Top of Input
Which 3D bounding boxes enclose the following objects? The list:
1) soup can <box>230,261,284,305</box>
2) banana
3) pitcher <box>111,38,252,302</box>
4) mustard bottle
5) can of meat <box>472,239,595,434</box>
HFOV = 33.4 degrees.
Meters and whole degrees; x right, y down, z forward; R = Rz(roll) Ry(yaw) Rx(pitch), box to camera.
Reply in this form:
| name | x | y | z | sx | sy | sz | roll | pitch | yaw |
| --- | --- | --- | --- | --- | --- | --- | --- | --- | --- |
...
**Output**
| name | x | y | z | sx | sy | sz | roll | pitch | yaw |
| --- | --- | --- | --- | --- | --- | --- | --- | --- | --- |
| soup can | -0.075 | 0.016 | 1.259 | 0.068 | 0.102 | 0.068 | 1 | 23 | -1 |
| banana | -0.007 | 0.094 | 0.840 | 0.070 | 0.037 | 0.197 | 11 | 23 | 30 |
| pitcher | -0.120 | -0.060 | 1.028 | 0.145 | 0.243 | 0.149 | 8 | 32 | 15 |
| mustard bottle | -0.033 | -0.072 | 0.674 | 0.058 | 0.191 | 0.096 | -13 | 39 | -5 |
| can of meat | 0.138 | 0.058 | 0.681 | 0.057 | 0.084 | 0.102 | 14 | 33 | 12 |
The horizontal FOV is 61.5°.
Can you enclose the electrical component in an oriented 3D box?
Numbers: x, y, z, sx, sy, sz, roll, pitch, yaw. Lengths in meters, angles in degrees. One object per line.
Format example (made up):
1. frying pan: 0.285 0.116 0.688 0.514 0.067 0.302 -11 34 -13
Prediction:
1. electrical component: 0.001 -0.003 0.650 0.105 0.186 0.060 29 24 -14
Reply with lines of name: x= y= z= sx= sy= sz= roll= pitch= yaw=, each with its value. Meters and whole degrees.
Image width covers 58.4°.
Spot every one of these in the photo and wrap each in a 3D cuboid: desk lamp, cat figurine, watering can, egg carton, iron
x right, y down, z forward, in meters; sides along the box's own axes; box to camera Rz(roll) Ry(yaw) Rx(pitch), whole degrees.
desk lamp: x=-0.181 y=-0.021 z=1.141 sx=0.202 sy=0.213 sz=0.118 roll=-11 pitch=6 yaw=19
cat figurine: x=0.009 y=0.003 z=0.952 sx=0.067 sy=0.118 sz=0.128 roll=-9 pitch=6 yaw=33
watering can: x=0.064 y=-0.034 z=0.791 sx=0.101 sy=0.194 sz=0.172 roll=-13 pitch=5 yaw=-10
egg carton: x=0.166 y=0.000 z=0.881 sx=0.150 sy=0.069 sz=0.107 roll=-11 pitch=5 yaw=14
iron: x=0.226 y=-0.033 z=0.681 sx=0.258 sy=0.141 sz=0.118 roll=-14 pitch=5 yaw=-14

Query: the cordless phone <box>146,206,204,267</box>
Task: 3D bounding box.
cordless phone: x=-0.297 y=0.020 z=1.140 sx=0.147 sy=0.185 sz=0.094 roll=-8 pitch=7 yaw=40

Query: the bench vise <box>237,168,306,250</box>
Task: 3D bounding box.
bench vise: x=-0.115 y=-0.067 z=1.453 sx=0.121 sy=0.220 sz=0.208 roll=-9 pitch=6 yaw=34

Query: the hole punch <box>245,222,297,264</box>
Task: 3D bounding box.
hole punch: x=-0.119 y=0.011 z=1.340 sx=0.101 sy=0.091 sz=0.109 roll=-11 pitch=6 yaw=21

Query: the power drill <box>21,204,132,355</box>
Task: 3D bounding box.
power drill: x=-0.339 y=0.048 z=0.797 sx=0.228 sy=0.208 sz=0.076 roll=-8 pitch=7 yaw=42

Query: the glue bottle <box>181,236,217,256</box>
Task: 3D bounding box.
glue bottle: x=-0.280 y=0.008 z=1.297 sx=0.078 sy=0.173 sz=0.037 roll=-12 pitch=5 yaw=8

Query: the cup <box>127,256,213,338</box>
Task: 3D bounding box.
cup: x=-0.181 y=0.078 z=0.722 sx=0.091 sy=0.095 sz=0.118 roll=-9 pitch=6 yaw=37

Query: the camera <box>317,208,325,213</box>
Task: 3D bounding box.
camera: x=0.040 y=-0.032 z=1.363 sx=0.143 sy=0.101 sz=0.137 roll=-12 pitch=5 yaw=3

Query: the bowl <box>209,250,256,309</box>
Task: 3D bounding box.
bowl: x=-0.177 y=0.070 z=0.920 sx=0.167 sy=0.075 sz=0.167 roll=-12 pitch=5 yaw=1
Bottom of Input
= Work task =
What is needed is an exact copy of every entry above.

= Written solution =
Which 3D bounding boxes enclose the following objects? The list:
1) soup can <box>230,261,284,305</box>
2) banana
3) pitcher <box>111,38,252,302</box>
4) mustard bottle
5) can of meat <box>472,239,595,434</box>
HFOV = 33.4 degrees.
Meters and whole degrees; x right, y down, z forward; R = Rz(roll) Ry(yaw) Rx(pitch), box to camera.
Reply in this form:
| name | x | y | z | sx | sy | sz | roll | pitch | yaw |
| --- | --- | --- | --- | --- | --- | --- | --- | --- | --- |
...
**Output**
| name | x | y | z | sx | sy | sz | roll | pitch | yaw |
| --- | --- | --- | --- | --- | --- | --- | --- | --- | --- |
| soup can | -0.075 | 0.016 | 1.259 | 0.068 | 0.102 | 0.068 | 1 | 23 | -1 |
| banana | -0.007 | 0.094 | 0.840 | 0.070 | 0.037 | 0.197 | 11 | 23 | 30 |
| pitcher | -0.120 | -0.060 | 1.028 | 0.145 | 0.243 | 0.149 | 8 | 32 | 15 |
| mustard bottle | -0.033 | -0.072 | 0.674 | 0.058 | 0.191 | 0.096 | -13 | 39 | -5 |
| can of meat | 0.138 | 0.058 | 0.681 | 0.057 | 0.084 | 0.102 | 14 | 33 | 12 |
The horizontal FOV is 61.5°.
Can you enclose the electrical component in an oriented 3D box?
Numbers: x, y, z, sx, sy, sz, roll, pitch, yaw. Lengths in meters, angles in degrees. One object per line.
Format example (made up):
1. frying pan: 0.285 0.116 0.688 0.514 0.067 0.302 -11 34 -13
Prediction:
1. electrical component: 0.001 -0.003 0.650 0.105 0.186 0.060 29 24 -14
Reply with lines of name: x= y= z= sx= sy= sz= roll= pitch= yaw=, each with its value. Meters and whole degrees.
Image width covers 58.4°.
Spot every one of these in the photo and wrap each in a 3D cuboid: desk lamp, cat figurine, watering can, egg carton, iron
x right, y down, z forward, in meters; sides along the box's own axes; box to camera Rz(roll) Ry(yaw) Rx(pitch), whole degrees.
desk lamp: x=-0.181 y=-0.021 z=1.141 sx=0.202 sy=0.213 sz=0.118 roll=-11 pitch=6 yaw=19
cat figurine: x=0.009 y=0.003 z=0.952 sx=0.067 sy=0.118 sz=0.128 roll=-9 pitch=6 yaw=33
watering can: x=0.064 y=-0.034 z=0.791 sx=0.101 sy=0.194 sz=0.172 roll=-13 pitch=5 yaw=-10
egg carton: x=0.166 y=0.000 z=0.881 sx=0.150 sy=0.069 sz=0.107 roll=-11 pitch=5 yaw=14
iron: x=0.226 y=-0.033 z=0.681 sx=0.258 sy=0.141 sz=0.118 roll=-14 pitch=5 yaw=-14

Query: the cordless phone <box>146,206,204,267</box>
Task: 3D bounding box.
cordless phone: x=-0.297 y=0.020 z=1.140 sx=0.147 sy=0.185 sz=0.094 roll=-8 pitch=7 yaw=40

Query: the bench vise <box>237,168,306,250</box>
Task: 3D bounding box.
bench vise: x=-0.115 y=-0.067 z=1.453 sx=0.121 sy=0.220 sz=0.208 roll=-9 pitch=6 yaw=34

Query: the hole punch <box>245,222,297,264</box>
Task: 3D bounding box.
hole punch: x=-0.119 y=0.011 z=1.340 sx=0.101 sy=0.091 sz=0.109 roll=-11 pitch=6 yaw=21

Query: the power drill <box>21,204,132,355</box>
Task: 3D bounding box.
power drill: x=-0.339 y=0.048 z=0.797 sx=0.228 sy=0.208 sz=0.076 roll=-8 pitch=7 yaw=42

Query: the glue bottle <box>181,236,217,256</box>
Task: 3D bounding box.
glue bottle: x=-0.280 y=0.008 z=1.297 sx=0.078 sy=0.173 sz=0.037 roll=-12 pitch=5 yaw=8

Query: the cup <box>127,256,213,338</box>
Task: 3D bounding box.
cup: x=-0.181 y=0.078 z=0.722 sx=0.091 sy=0.095 sz=0.118 roll=-9 pitch=6 yaw=37

Query: the camera <box>317,208,325,213</box>
Task: 3D bounding box.
camera: x=0.040 y=-0.032 z=1.363 sx=0.143 sy=0.101 sz=0.137 roll=-12 pitch=5 yaw=3

Query: the bowl <box>209,250,256,309</box>
Task: 3D bounding box.
bowl: x=-0.177 y=0.070 z=0.920 sx=0.167 sy=0.075 sz=0.167 roll=-12 pitch=5 yaw=1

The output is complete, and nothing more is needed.